Ева с болезненного одра посмотрела на вошедшего Адама.
— Неужели им нравится унижать нас? Только что лица наши щадят от плюновения!
— Не знаю, — сказал Адам и подумал: «Может, Ева обратилась не ко мне, а к Богу?» — Я пошлю голубей Еносу и Сифу, пусть пришлют людей, пусть поживут у нас, а когда эти негодяи появятся снова, пусть обуздают язык их! — Адам с обиды всегда говорил эти слова и открывал дверцу голубиной клетки. И когда он снова открыл дверцу, Ева, как обычно, сказала:
— Те, кто кидает в нас яблоки — тоже наши дети! Мир стал тяжелым и несносным. Не хватало только нового кровопролития! Из-за нас… — После этих слов Адам обычно закрывал дверцу голубиной клетки.
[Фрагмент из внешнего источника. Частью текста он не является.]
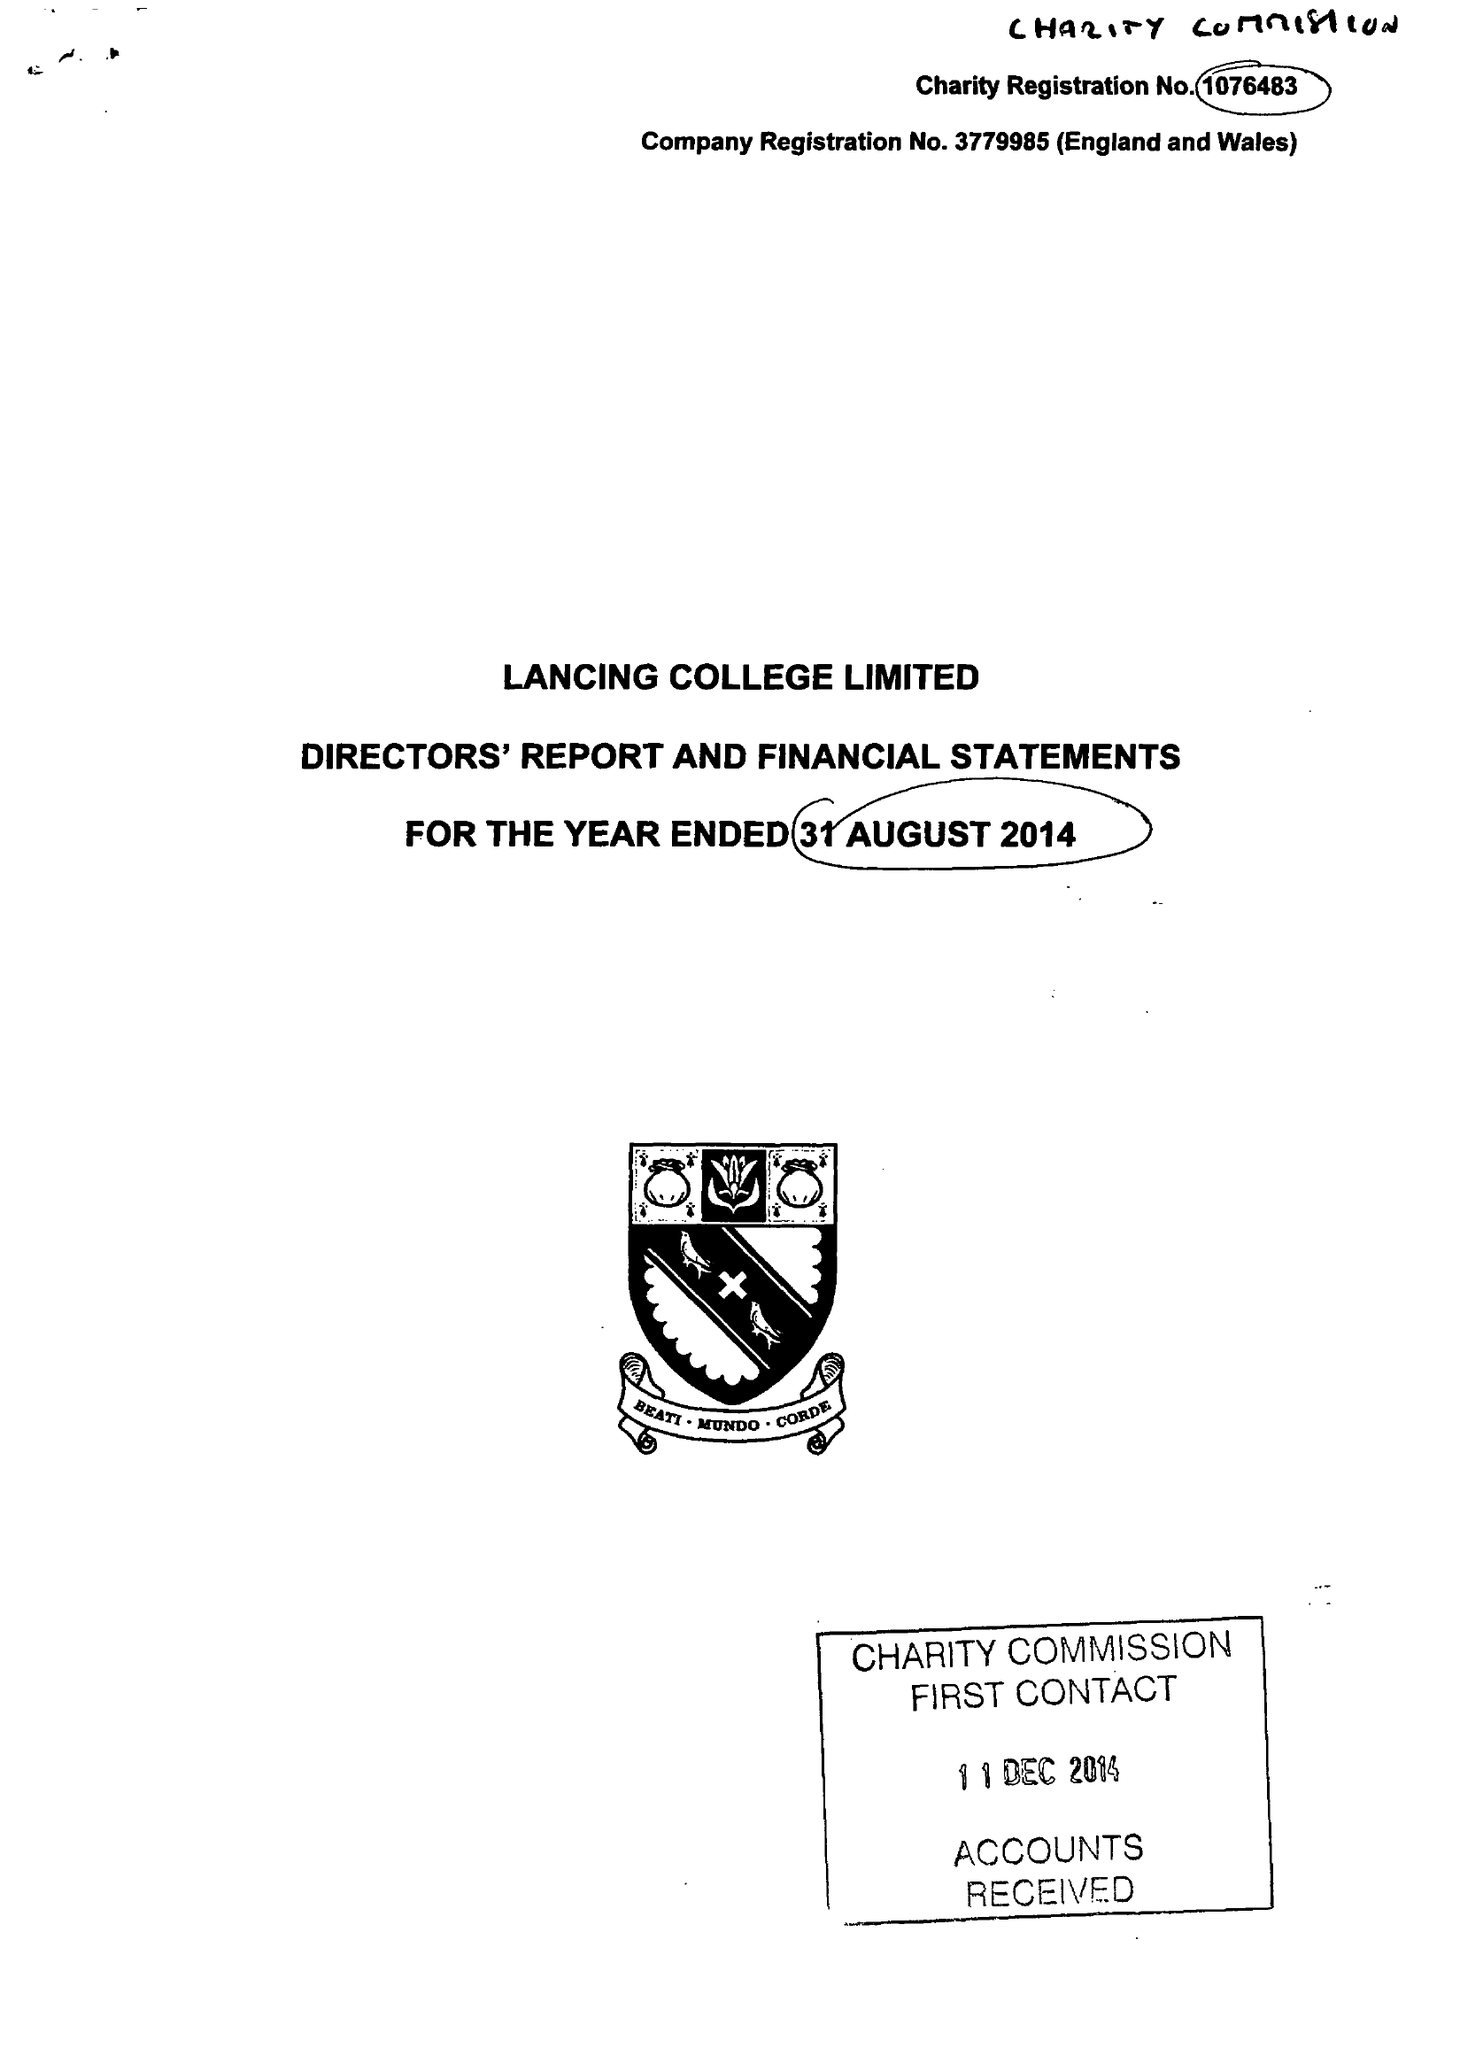What is the value for the report_date?
Answer the question using a single word or phrase. 2014-08-31 
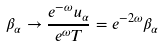Convert formula to latex. <formula><loc_0><loc_0><loc_500><loc_500>\beta _ { \alpha } \rightarrow \frac { e ^ { - \omega } u _ { \alpha } } { e ^ { \omega } T } = e ^ { - 2 \omega } \beta _ { \alpha }</formula> 
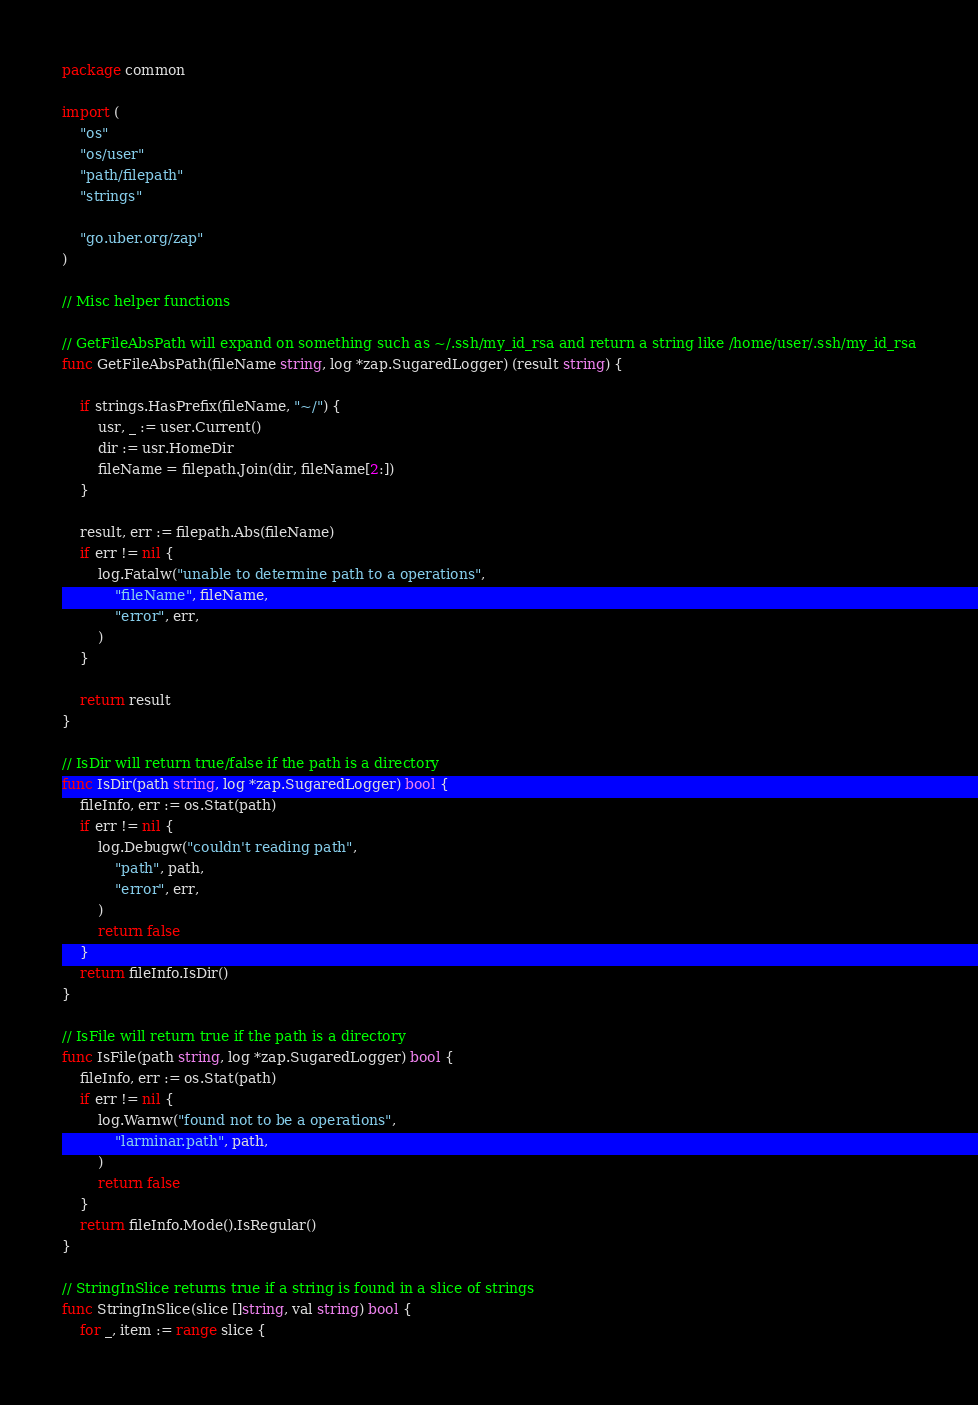Convert code to text. <code><loc_0><loc_0><loc_500><loc_500><_Go_>package common

import (
	"os"
	"os/user"
	"path/filepath"
	"strings"

	"go.uber.org/zap"
)

// Misc helper functions

// GetFileAbsPath will expand on something such as ~/.ssh/my_id_rsa and return a string like /home/user/.ssh/my_id_rsa
func GetFileAbsPath(fileName string, log *zap.SugaredLogger) (result string) {

	if strings.HasPrefix(fileName, "~/") {
		usr, _ := user.Current()
		dir := usr.HomeDir
		fileName = filepath.Join(dir, fileName[2:])
	}

	result, err := filepath.Abs(fileName)
	if err != nil {
		log.Fatalw("unable to determine path to a operations",
			"fileName", fileName,
			"error", err,
		)
	}

	return result
}

// IsDir will return true/false if the path is a directory
func IsDir(path string, log *zap.SugaredLogger) bool {
	fileInfo, err := os.Stat(path)
	if err != nil {
		log.Debugw("couldn't reading path",
			"path", path,
			"error", err,
		)
		return false
	}
	return fileInfo.IsDir()
}

// IsFile will return true if the path is a directory
func IsFile(path string, log *zap.SugaredLogger) bool {
	fileInfo, err := os.Stat(path)
	if err != nil {
		log.Warnw("found not to be a operations",
			"larminar.path", path,
		)
		return false
	}
	return fileInfo.Mode().IsRegular()
}

// StringInSlice returns true if a string is found in a slice of strings
func StringInSlice(slice []string, val string) bool {
	for _, item := range slice {</code>

Пьяные голоса снова стихли, и Адам снова вышел собирать яблоки. Адам вышел за ворота и вывалил огрызки в пропасть. Хулящие его достоинство и достоинство его жены горожане на каменной ограде обычно оставляли рисунки. Они оскорбляли взор Адама, и он смывал их водой из ручья. Хуже всего, стали рисовать на скале, и Адам по своей старческой немощи залезть туда не мог. «Я не могу забыть хитрости дьявола, оно известно и вам, — мысленно говорил Адам своим хулителям. — Вы же не обвиняете себя, что оставили молитву, — разве я вас не учил молиться? Каин, — Каин! — и тот строил жертвенник и возносил молитвы, — а вы? Пусть его жертвоприношение неугодно Господу, но Каин строил, возносил, — а вы? Вы хуже Каина! А вы говорите, что Бога нет — безумцы! И можно ли издеваться над человеком и изощрять против него язык свой за то, что Господь лишил его ликования с ангелами?» — Так мысленно негодовал Адам, смывая срамные рисунки с каменной стены, и не мог успокоить смятение внутри себя. Из очей его обильно лились слезы. Помутневшие облака шли так низко, что до них можно было дотронуться. В гряде туч, идущих на него, Адам сразу заприметил одну, похожую на черепаху: панцирь с подбрюшьем отдавали иссиня-черным, а голова — из белых облаков. Еловою синеву дальних склонов из хвоста черепахи-тучи орошал дождь. Подбрюшье метало молнии. Осыпаясь дождем, облако приближалось. Слышен был его шум в листве деревьев и в траве. Когда туча проплывала над извилистой тропкой (черепашья голова уже утратила свою четкость — расплылась), дрожащая белая молния ударила в землю, и почти одновременно с молнией сошел (именно сошел, а не спрыгнул и не слетел), — сошел из тучи на приручьевую некошеную луговину ангел и направился к Адаму. В сполохах молний луговая трава отдавала белым металлом. Точно туман клубился в ногах у ангела, скрывая подол его небесной ризы. Адам догадался, что отверсто его внутреннее зрение, а, значит, отверсты небеса, ибо человеку нельзя увидеть ангела телесными очами, нельзя слышать его телесным слухом.